How do the lines below between the ones holding "Your answer should be very brief. -59.7." and "Your answer should be very brief. -52. What", inclusive, read? Give them again exactly, with no other lines.

> **Provided records**:
━━━━━━━━━━━━━━━━━━━━

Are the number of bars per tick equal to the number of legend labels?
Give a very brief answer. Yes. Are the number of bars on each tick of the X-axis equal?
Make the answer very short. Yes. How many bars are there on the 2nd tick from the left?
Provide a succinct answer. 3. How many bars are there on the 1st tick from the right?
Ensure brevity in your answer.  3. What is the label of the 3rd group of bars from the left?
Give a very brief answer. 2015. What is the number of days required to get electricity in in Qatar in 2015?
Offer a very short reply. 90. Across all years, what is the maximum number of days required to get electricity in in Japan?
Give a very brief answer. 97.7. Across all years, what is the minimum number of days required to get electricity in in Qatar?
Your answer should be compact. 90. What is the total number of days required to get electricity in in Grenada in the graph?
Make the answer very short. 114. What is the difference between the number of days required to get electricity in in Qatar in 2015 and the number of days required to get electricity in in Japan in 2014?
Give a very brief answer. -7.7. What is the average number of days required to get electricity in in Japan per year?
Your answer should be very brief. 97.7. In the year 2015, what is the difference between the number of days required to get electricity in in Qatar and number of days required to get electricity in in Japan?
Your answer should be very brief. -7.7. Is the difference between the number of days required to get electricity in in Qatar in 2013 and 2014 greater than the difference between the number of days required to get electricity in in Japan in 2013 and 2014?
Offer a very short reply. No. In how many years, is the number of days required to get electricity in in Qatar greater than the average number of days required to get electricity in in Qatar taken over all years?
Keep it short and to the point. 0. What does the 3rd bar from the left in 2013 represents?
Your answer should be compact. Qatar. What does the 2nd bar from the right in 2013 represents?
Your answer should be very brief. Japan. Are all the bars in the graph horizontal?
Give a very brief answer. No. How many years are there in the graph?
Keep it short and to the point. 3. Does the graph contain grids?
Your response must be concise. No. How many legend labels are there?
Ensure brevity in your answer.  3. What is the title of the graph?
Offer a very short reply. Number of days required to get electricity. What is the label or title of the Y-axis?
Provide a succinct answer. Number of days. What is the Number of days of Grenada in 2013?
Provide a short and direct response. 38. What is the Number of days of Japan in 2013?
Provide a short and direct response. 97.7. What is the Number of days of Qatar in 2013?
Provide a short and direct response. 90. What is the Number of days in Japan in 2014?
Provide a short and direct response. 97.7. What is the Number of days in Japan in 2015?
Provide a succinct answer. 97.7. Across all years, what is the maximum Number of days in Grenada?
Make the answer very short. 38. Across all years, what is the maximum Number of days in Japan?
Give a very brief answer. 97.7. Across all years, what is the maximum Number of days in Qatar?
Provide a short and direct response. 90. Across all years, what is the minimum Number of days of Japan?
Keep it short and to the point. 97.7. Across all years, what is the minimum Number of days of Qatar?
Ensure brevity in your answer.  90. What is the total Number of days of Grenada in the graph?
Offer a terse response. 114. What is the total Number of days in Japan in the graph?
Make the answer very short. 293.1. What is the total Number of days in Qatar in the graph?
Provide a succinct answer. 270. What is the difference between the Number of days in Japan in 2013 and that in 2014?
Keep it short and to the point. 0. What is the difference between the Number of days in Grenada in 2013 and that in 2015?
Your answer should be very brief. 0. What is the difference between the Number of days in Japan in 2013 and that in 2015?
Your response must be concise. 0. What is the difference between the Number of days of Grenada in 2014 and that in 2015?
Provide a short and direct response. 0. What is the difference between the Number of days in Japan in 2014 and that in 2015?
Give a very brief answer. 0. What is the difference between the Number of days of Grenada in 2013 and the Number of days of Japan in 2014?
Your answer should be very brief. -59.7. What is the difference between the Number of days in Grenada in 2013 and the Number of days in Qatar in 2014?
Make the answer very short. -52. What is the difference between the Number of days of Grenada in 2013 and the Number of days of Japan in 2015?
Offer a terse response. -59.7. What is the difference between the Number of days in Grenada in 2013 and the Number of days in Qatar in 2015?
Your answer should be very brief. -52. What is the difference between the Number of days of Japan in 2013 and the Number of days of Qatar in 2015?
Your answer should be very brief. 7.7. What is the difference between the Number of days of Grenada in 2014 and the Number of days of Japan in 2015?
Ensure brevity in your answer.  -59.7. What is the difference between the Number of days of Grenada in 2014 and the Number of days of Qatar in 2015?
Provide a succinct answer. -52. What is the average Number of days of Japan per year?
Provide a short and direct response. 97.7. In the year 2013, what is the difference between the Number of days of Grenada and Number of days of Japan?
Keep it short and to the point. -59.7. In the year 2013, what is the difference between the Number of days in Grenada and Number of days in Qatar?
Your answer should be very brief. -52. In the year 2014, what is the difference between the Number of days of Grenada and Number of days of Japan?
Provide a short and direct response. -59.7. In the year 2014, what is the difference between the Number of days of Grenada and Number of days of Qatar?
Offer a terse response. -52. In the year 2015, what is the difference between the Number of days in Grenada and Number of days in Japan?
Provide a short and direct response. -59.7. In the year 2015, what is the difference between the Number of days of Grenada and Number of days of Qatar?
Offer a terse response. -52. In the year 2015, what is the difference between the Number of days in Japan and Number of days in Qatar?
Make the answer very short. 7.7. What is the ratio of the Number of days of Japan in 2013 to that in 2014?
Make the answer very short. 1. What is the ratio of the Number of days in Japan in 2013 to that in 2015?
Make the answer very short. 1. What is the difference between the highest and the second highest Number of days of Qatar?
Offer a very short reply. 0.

━━━━━━━━━━━━━━━━━━━━

> **Your solution**:
Your answer should be very brief. -59.7. What is the difference between the Number of days in Grenada in 2013 and the Number of days in Qatar in 2014?
Make the answer very short. -52. What is the difference between the Number of days of Grenada in 2013 and the Number of days of Japan in 2015?
Offer a terse response. -59.7. What is the difference between the Number of days in Grenada in 2013 and the Number of days in Qatar in 2015?
Your answer should be very brief. -52. What is the difference between the Number of days of Japan in 2013 and the Number of days of Qatar in 2015?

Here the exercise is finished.